Patient Listening Sessions Should Be Useful
CMS has revealed that between Oct. 30, 2023, and Nov. 15, 2023, it will hold patient-focused listening sessions for each of the drugs.
“I’m really glad CMS is doing them,” remarked McClellan. “It’s a great opportunity to hear from patients and other stakeholders, clinicians, expert groups that care about patients and that definitely have some ideas they’d like to get into this negotiation process, especially around comparative effectiveness.”
However, he observed, “as with other things in this first year, CMS has not provided as much [information on] exactly what they’re looking for in these sessions and what kind of input would be most helpful. That’s going to get better over time. But hopefully between now and when CMS holds the sessions, maybe in another month or so, they’ll provide a little bit more guidance.”
“Comparative effectiveness is not going to be necessarily easy and clear and straightforward to implement, even though it’s the factor that CMS says is most important in price negotiation because there are a lot of dimensions to it,” declared McClellan. “And this is going to be a qualitative approach” as opposed to a quantitative framework.
CMS will still need to address multiple questions, he stated. For instance, “What constitutes a meaningful difference in outcomes associated with a particular drug or drug class to qualify for an impact on the negotiated price? Are there safety and side effect issues that also count, and how much? Are there issues related to ease of use, like having to take only one pill a day or one drug rather than three? Are there perspectives related to diverse underserved populations that may not have access to specialists and frequent in-person visits that can help with drug management? Is there evidence on older beneficiaries, patients with comorbidities which are typically underrepresented in clinical trials but have worse outcomes and are certainly over represented in Medicare? There’s a lot of stuff that could be relevant here.”

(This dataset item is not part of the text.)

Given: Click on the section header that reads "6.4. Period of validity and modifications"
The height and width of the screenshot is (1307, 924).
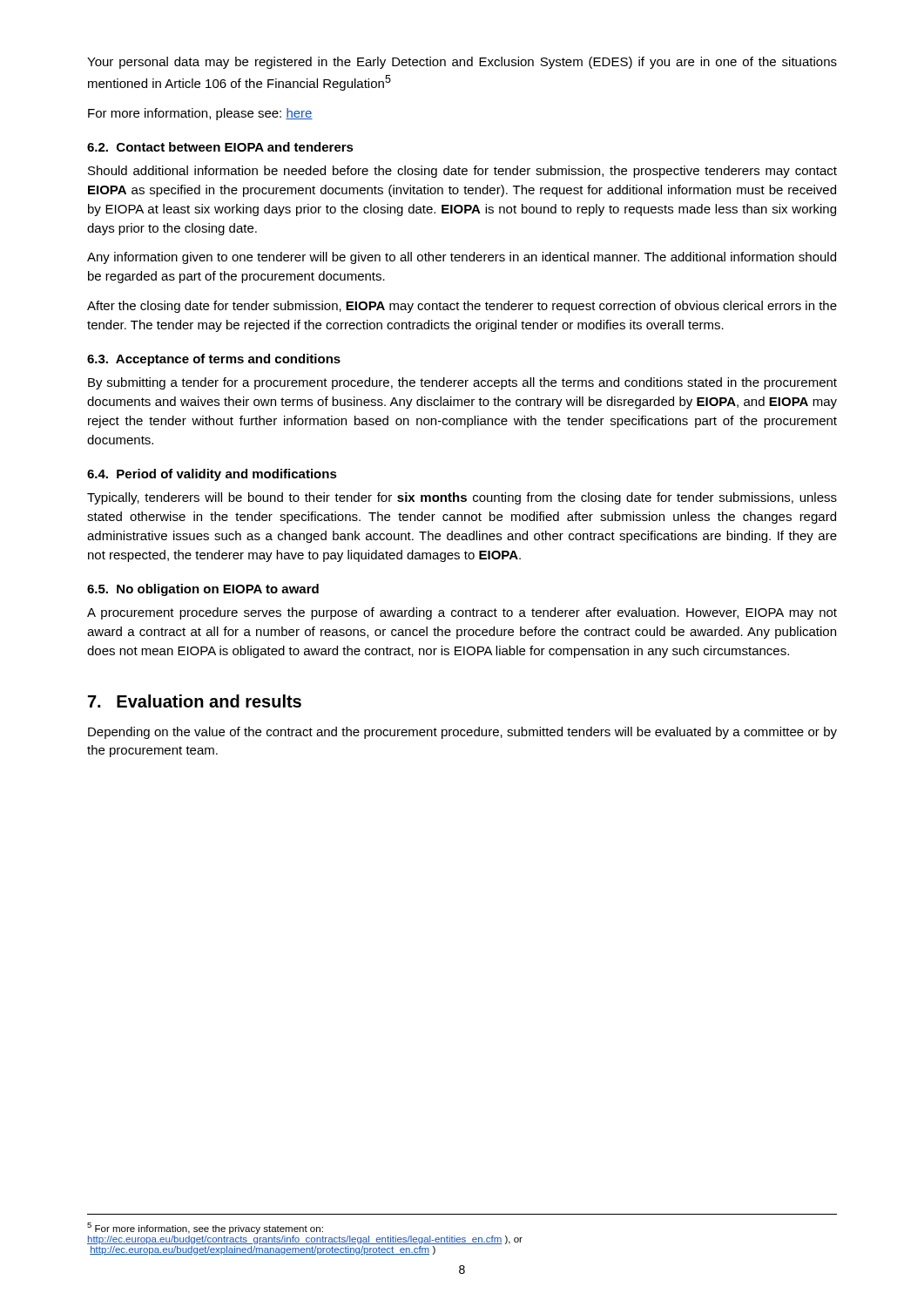Looking at the screenshot, I should pyautogui.click(x=212, y=474).

Manufacturers with drugs on the current negotiated list, as well as ones with products they believe may be on future lists, can highlight “the so-called real-world evidence that a manufacturer has worked to develop after a drug was approved to help fill in those gaps. So many of the drugs on the list this year have had additional label indications added: sometimes additional populations, sometimes new insights about dosing or how to address side effects or, in some cases, actual comparative-effectiveness studies. CMS has not yet been really clear about what constitutes good enough real-world evidence. They’ve said that they’re going to consider things beyond traditional clinical trials that get approval,” unlike some assessments outside of the U.S. that focus on randomized clinical trial data only.
“All this will be happening going forward, but for now, I do think CMS is trying to consider those different factors,” he stated. “At some point in this process, maybe next spring, summer when they put out their summary of why price negotiations came out where they did for these drugs, they’ll put that in a broader framework with some lessons learned so that all of us outside don’t have to just try to read the tea leaves and the smoke signals.”